“Fast fashion” got its name from the speed at which retail giants mass produce runway trends, but also should refer to the speed with which clothing goes from our closets to the landfill.
The statistics are staggering. Hauling fast fashion to dumps and incinerators is costing our country more than $4 billion a year and contributing to climate change and other environmental challenges.
Every year, the fashion industry contributes more than 30 billion pounds of textile waste to landfills and incinerators. Up to 80 percent of our apparel is trashed instead of being reused. This not only exacerbates the dwindling space in domestic municipal landfills but also has devastating impacts on the global South, where we can now see piles of discarded clothes from space. In the midst of the hottest summer on record, textile waste is our landfills’ third-largest emitter of methane, which is responsible for 25 percent of global warming.
The concept of circular fashion business models that include resale, rental, repair, upcycling and textile recycling have emerged as a potential solution to this challenge. Fashion reuse has immediate value — so much so that customers already are buying, selling and even renting clothing on their own.
But cost-effective, wide-scale adoption of these models, at a magnitude to outpace new production and our landfill capacity, will require concerted efforts to shift cultural, behavioral, policy and shareholder sentiments. The key lies in incentivizing the businesses and innovations that already are involved in the reclamation of these items.
Thankfully, some in Congress are starting to notice. Reps. Chellie Pingree (D-Maine) and Rosa DeLauro (D-Conn.) recently authored a letter to the U.S. Government Accountability Office raising some of these environmental concerns with fashion waste but also exploring possible areas where both federal and local policies could turn the tide on textile recycling.
It behooves Congress to consider all solutions to address this unaddressed problem. Policy solutions like closing the de minimis tax loophole, reducing import fees on recycled textiles, second-hand sales and use tax exemptions, and offering priority shipping rates for used apparel should all be explored.
Policymakers also should be examining modern textile Extended Producer Responsibility and/or deposit laws that prioritize and incentivize reuse and reward customers and businesses for returning and reselling their products.
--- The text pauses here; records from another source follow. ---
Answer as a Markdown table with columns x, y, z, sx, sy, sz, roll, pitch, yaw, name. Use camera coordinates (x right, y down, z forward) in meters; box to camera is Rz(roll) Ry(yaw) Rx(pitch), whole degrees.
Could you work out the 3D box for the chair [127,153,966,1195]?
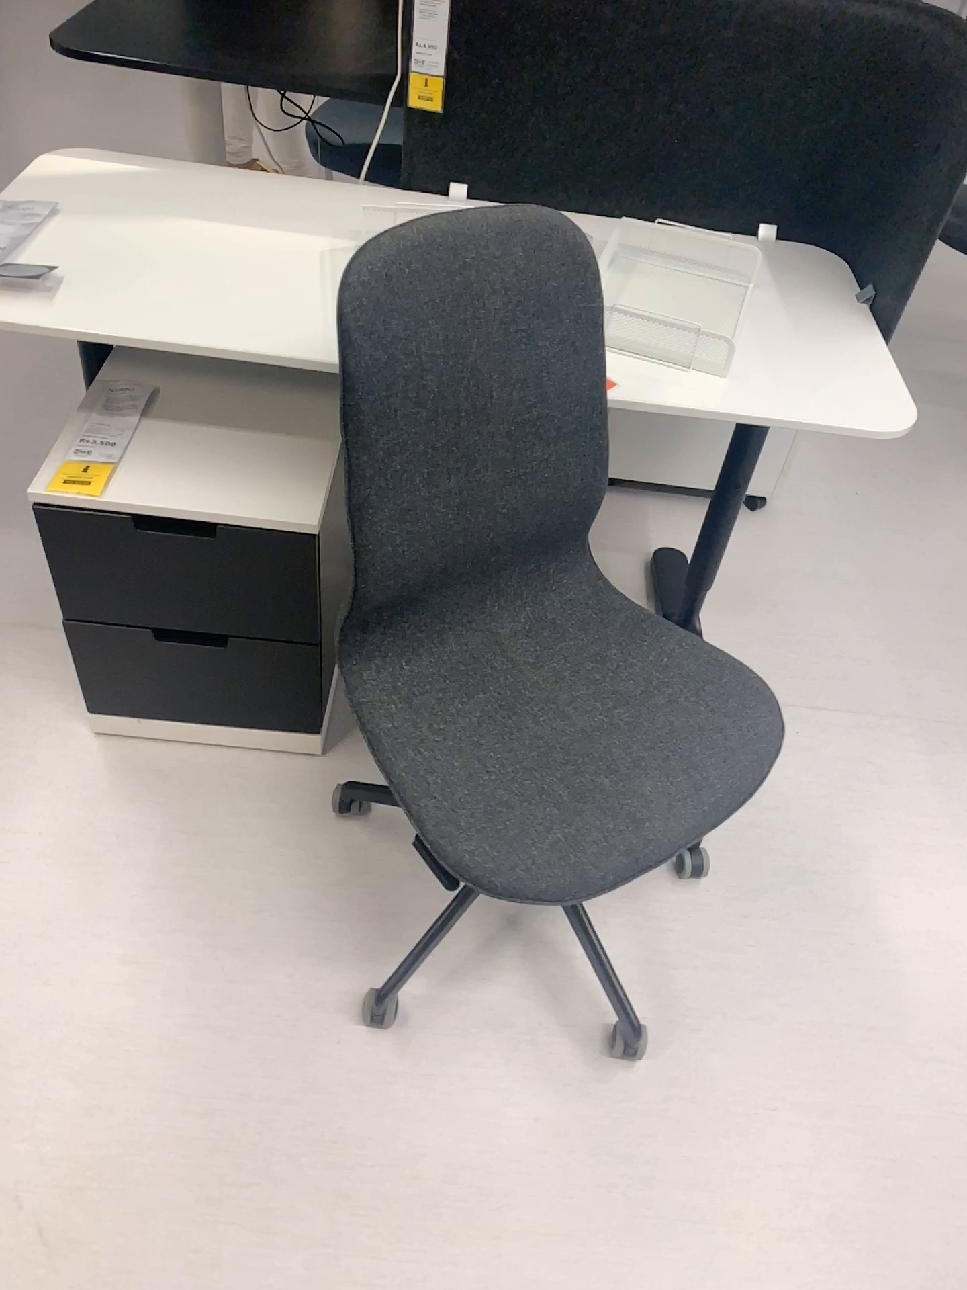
| x | y | z | sx | sy | sz | roll | pitch | yaw | name |
| --- | --- | --- | --- | --- | --- | --- | --- | --- | --- |
| 0.064 | 0.054 | 1.255 | 0.631 | 0.996 | 0.641 | -27 | 55 | -31 | chair |
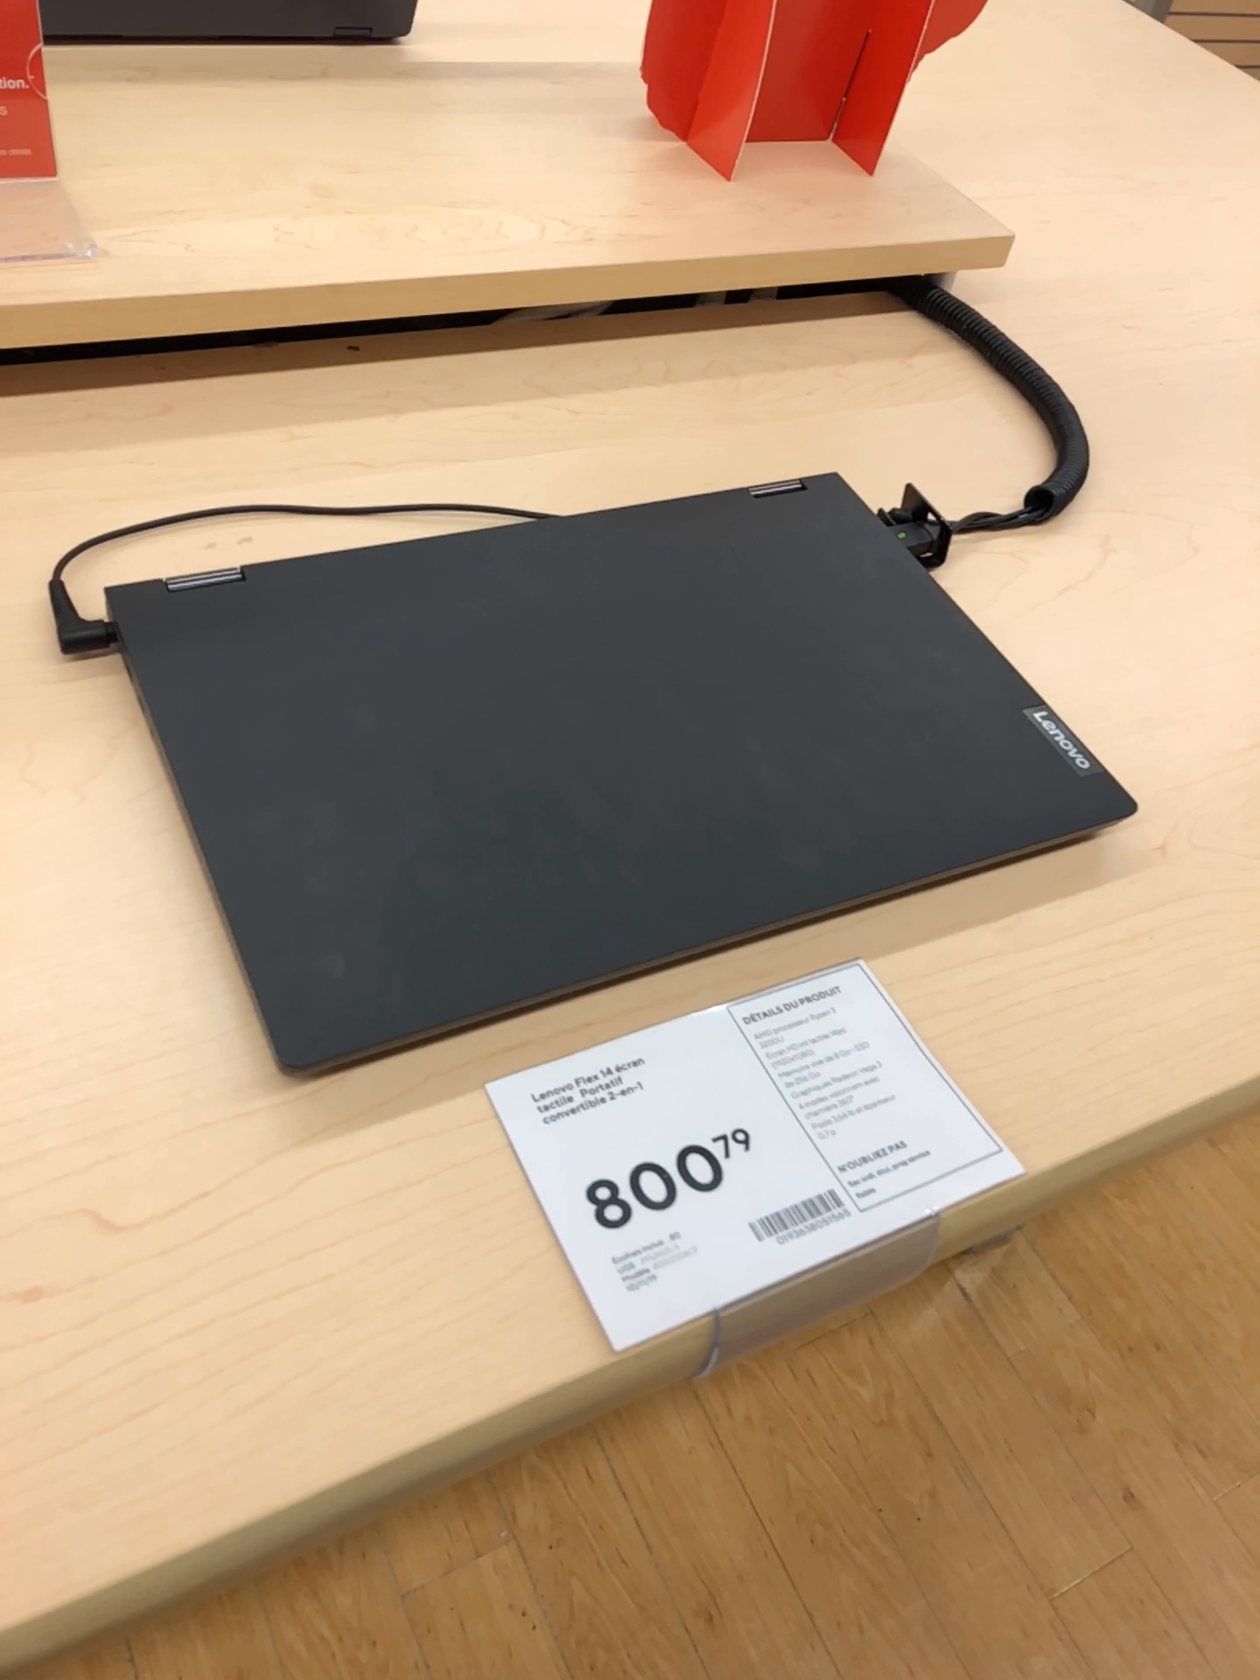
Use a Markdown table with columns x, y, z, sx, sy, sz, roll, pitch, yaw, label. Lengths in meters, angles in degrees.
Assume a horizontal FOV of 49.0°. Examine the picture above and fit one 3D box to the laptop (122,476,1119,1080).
| x | y | z | sx | sy | sz | roll | pitch | yaw | label |
| --- | --- | --- | --- | --- | --- | --- | --- | --- | --- |
| 0.001 | -0.050 | 0.522 | 0.326 | 0.009 | 0.212 | -15 | 55 | -25 | laptop |

What’s unique about fashion, compared to other household recyclables, is that greater adoption of these kinds of reuse initiatives will provide the necessary aggregated volumes to also fund the unit economics required for textile-to-textile recycling—a goal that has been unachievable in recycling plastics.
In short, companies participating in fashion reuse already are building the economies of scale, infrastructure and labor necessary not only for reuse, but also to eventually support textile-to-textile recycling’s value chain. To put this in real world terms, every physical resale distribution center—your neighborhood thrift, your online resale shop’s distribution centers, your neighborhood parking lot clothing bin’s sorting partners—gets the most value from reselling reusable products, and the rest could be recycled.
Now it’s time to build a bill that supports this economy end-to-end and at every point along the textile value chain.
Reuse is practically the only way we keep fashion products in circulation today, and the logistics and infrastructure of resale businesses are costly. To deny them consideration in the funding of any textile legislation is misguided and ultimately could incentivize low-quality, high-volume garments to continue to fill our markets—in the hopes that one day they will be “recycled”—without encouraging an economic system that will allow that to happen.
Additionally, we need a federal bill that makes American manufacturing, including circular apparel manufacturing, more competitive so we can bring jobs and economic development back to our communities most in need.
Good policy is critical to reducing the massive waste in the fashion industry. Businesses that make products need greater incentives to create durable and circular lifecycles for their garments. Businesses that specialize in extending the life of fashion waste won’t be able to fully scale and compete with new clothing production unless there is policy that promotes the opportunities that circular fashion business models provide.
This is a new frontier for policymaking, but the problem is growing — literally — with each trip to the dump.
Rachel Kibbe is the founder and executive director of American Circular Textiles, a coalition devoted to promoting circularity in American and global fashion.